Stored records
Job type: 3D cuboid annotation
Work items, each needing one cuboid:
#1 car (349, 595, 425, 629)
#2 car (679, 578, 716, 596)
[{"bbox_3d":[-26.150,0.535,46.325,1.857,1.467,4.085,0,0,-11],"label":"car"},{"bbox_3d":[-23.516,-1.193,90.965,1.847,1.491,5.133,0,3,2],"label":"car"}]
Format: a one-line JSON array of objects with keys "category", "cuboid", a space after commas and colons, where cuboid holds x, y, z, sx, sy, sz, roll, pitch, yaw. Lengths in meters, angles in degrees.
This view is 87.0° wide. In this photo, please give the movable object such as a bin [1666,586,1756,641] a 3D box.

---

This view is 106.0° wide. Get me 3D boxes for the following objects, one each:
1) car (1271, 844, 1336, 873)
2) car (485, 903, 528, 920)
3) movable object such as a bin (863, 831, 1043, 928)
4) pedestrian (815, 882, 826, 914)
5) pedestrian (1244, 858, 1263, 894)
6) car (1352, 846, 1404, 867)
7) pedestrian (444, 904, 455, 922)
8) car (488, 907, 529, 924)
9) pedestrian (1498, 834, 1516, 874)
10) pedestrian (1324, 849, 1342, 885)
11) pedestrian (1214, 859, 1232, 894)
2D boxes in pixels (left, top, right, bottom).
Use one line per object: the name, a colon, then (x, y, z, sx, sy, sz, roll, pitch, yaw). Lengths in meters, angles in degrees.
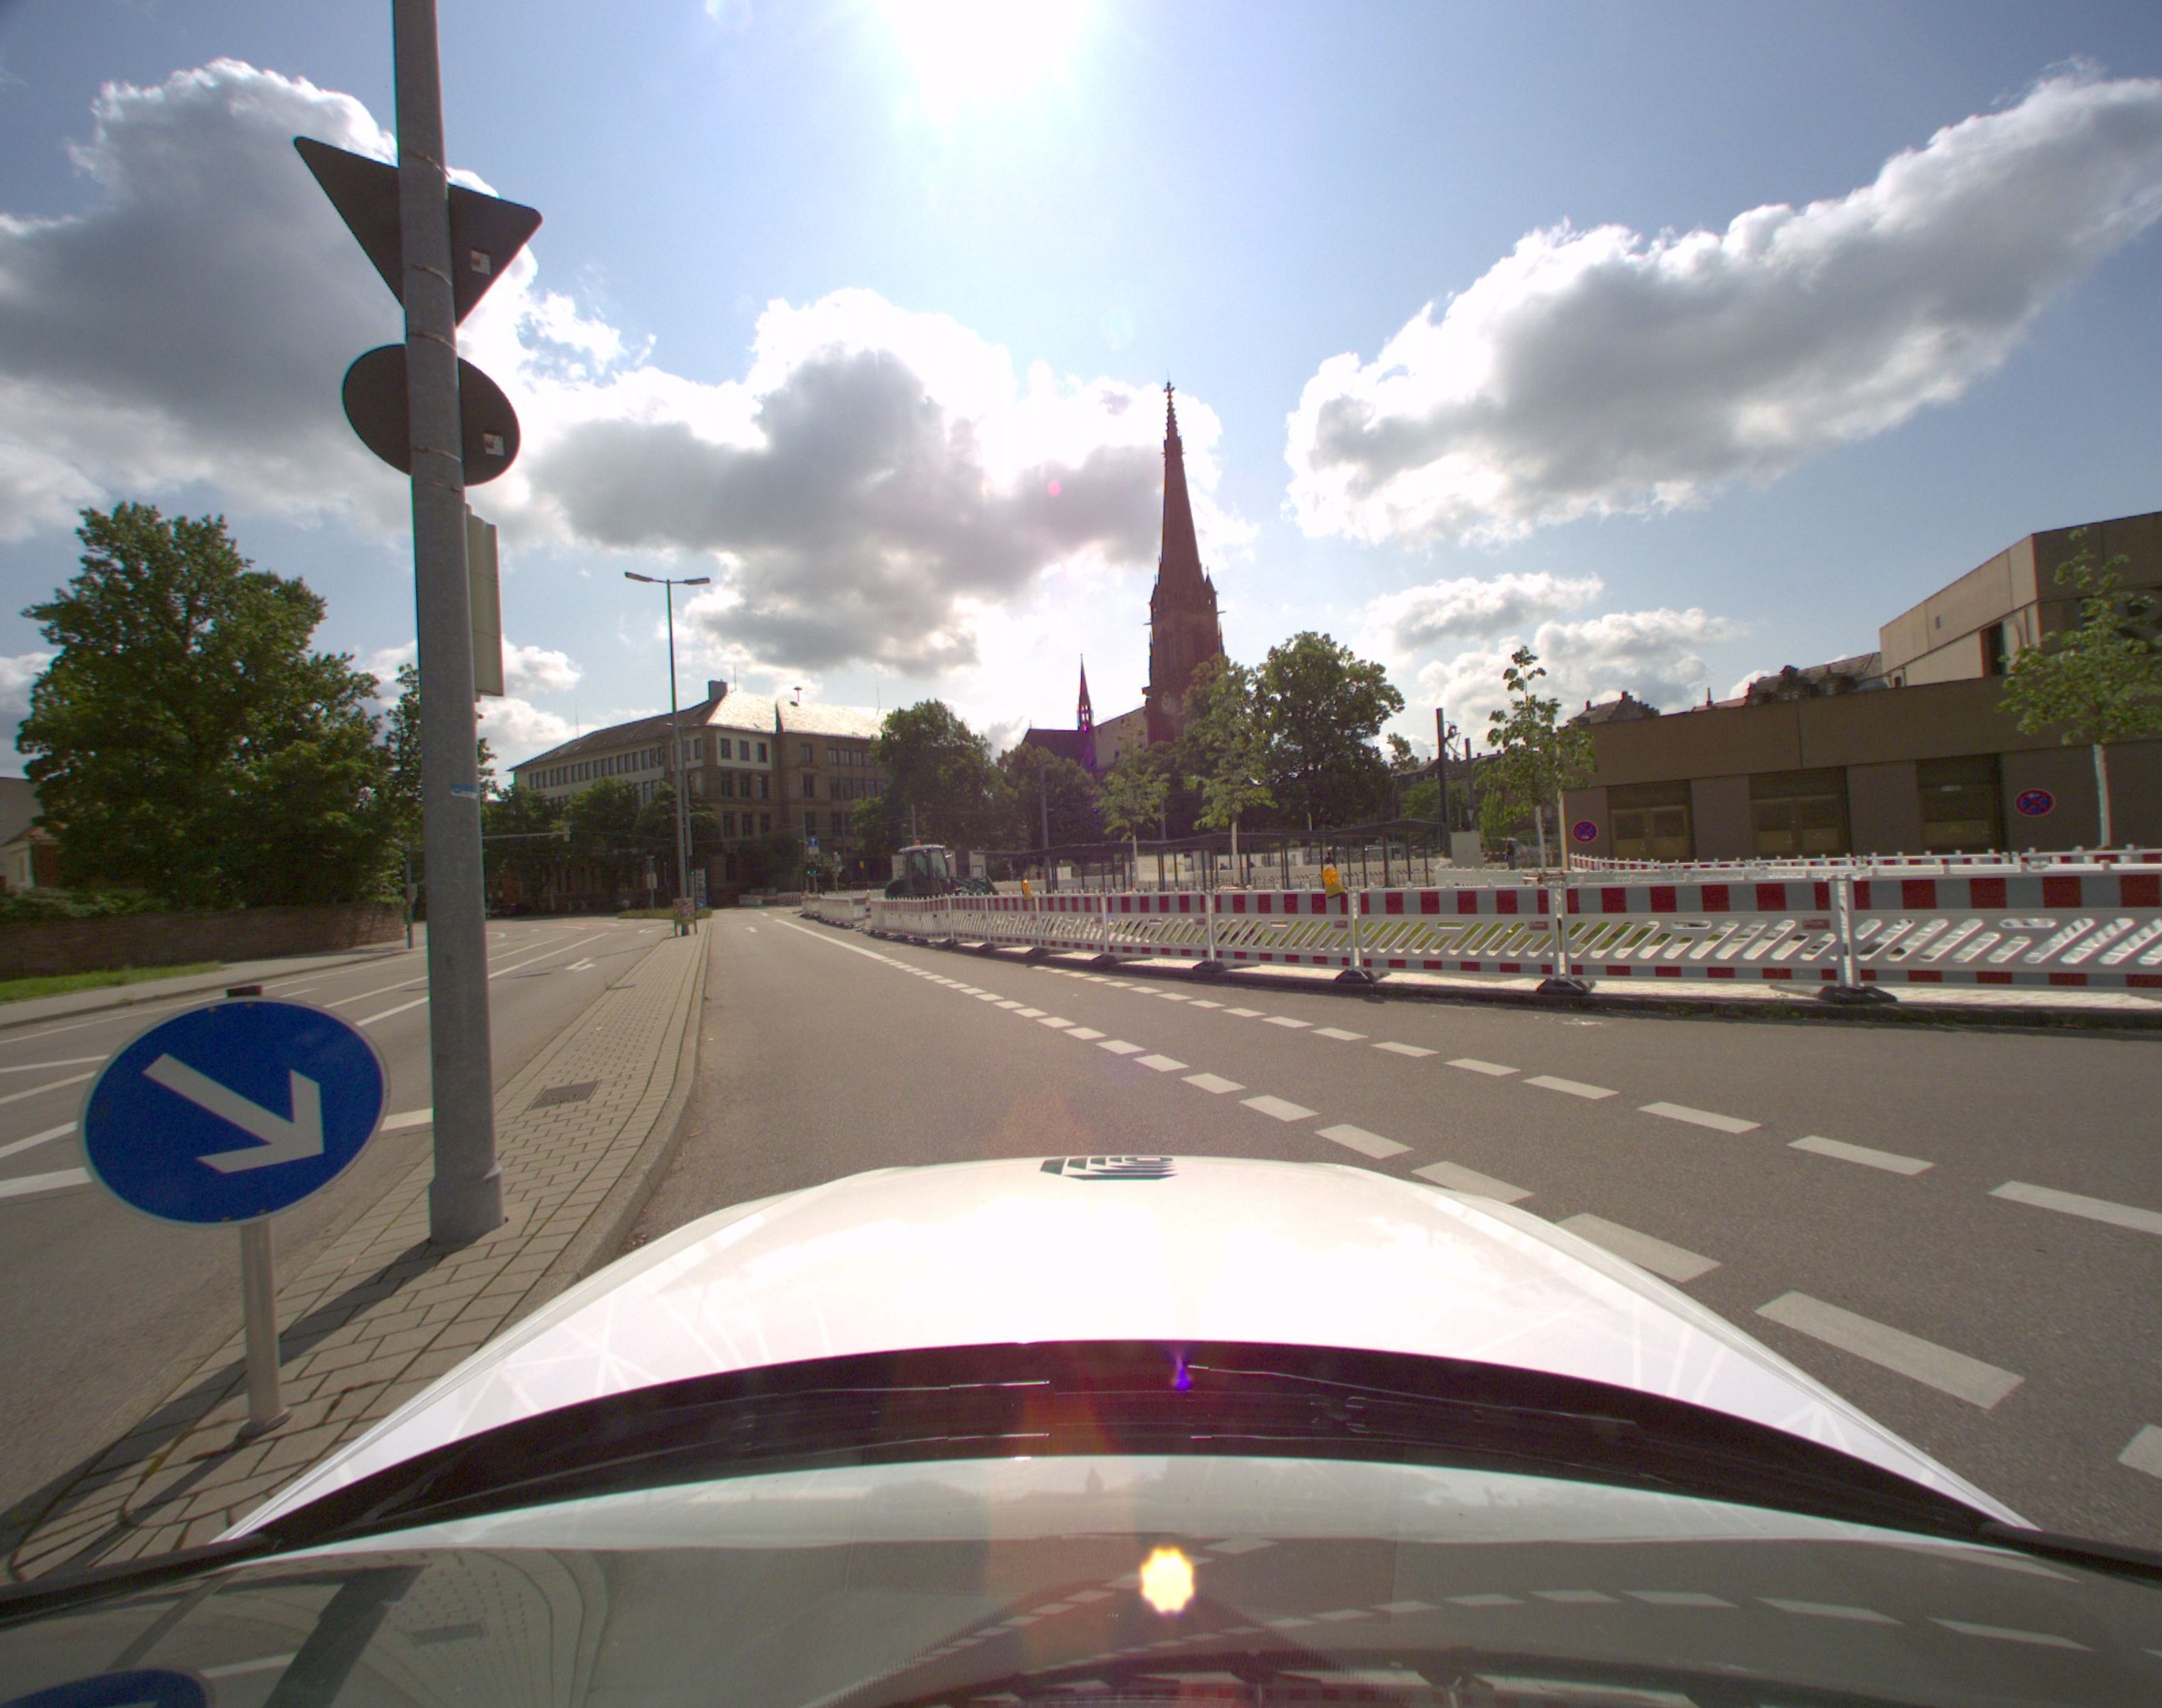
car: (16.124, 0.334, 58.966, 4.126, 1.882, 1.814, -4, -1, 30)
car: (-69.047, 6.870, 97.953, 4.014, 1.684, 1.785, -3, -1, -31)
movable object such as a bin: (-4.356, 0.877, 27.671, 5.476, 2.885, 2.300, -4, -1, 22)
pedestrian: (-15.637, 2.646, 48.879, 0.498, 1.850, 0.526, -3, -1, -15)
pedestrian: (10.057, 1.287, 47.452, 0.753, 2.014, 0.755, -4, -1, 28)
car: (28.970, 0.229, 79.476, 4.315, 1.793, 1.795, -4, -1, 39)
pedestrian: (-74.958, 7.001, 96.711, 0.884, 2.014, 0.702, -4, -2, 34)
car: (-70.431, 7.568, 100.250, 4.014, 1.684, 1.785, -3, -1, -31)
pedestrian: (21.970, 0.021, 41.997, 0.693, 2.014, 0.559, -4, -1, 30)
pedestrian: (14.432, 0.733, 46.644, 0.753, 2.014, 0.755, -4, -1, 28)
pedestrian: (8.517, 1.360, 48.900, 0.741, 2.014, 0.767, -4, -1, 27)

• _Task instructions_
Please give an exact copy of the entries above, from the line with "4) pedestrian (815, 882, 826, 914)" down to the line with "2D boxes in", inclusive, and nothing else.

• _Exercise result_
4) pedestrian (815, 882, 826, 914)
5) pedestrian (1244, 858, 1263, 894)
6) car (1352, 846, 1404, 867)
7) pedestrian (444, 904, 455, 922)
8) car (488, 907, 529, 924)
9) pedestrian (1498, 834, 1516, 874)
10) pedestrian (1324, 849, 1342, 885)
11) pedestrian (1214, 859, 1232, 894)
2D boxes in pixels (left, top, right, bottom).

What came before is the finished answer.